The Responses API includes built-in content safety checks. Every request is screened before reaching the LLM backend; if a violation is detected, the request is rejected immediately.

Two provider types ship out of the box:

llama-guard-3: content-safety classifier based on LlamaGuard 3. LLM-based, ~500ms–2s per check.
regex: fast pattern matcher for deterministic rules (PII patterns, blocklists, malicious URLs). Microseconds per check.

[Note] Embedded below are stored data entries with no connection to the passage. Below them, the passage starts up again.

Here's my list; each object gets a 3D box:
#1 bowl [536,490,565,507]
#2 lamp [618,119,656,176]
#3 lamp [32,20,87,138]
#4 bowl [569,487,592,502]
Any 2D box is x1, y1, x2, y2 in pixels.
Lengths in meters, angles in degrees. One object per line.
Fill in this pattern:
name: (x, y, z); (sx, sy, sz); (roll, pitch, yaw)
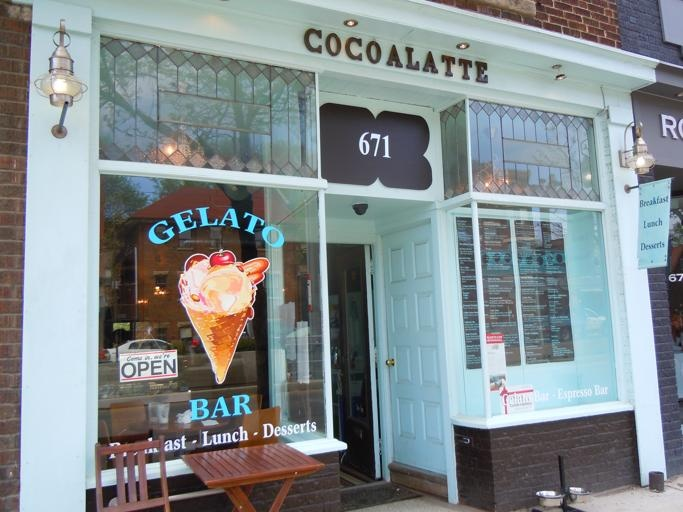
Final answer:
bowl: (2.138, 2.494, 6.448); (0.230, 0.189, 0.210); (-2, -5, 0)
lamp: (3.549, -1.317, 7.627); (0.351, 0.686, 0.661); (-5, -5, 24)
lamp: (-2.302, -1.492, 5.163); (0.402, 0.971, 0.489); (0, -6, -26)
bowl: (2.449, 2.440, 6.484); (0.182, 0.100, 0.147); (-2, -3, 10)

Providers are arranged into a pipeline per check type (input, tool_output, …). The pipeline runs stages sequentially and short-circuits on the first stage that returns a violation, so cheap regex checks can fail fast before the expensive LLM stage even runs.

Guardrails are evaluated eagerly, before the model generates any output, for synchronous, streaming, and background=true requests.

How It Works

The worker reads the x-application-id header (or None if absent) and posts to POST /v1/check with application_id, check_type: "input", and the user’s content.
GuardrailService looks up the per-application policy and walks the pipeline configured for the requested check type.
For each enabled stage, the registry dispatches to the provider named in stage.provider (e.g. regex, llama-guard-3), passing the stage-specific config.
If a stage returns violations, the remaining stages are skipped and the check returns {safe: false, violations: […]}.
If all stages pass, the request proceeds to the LLM backend normally.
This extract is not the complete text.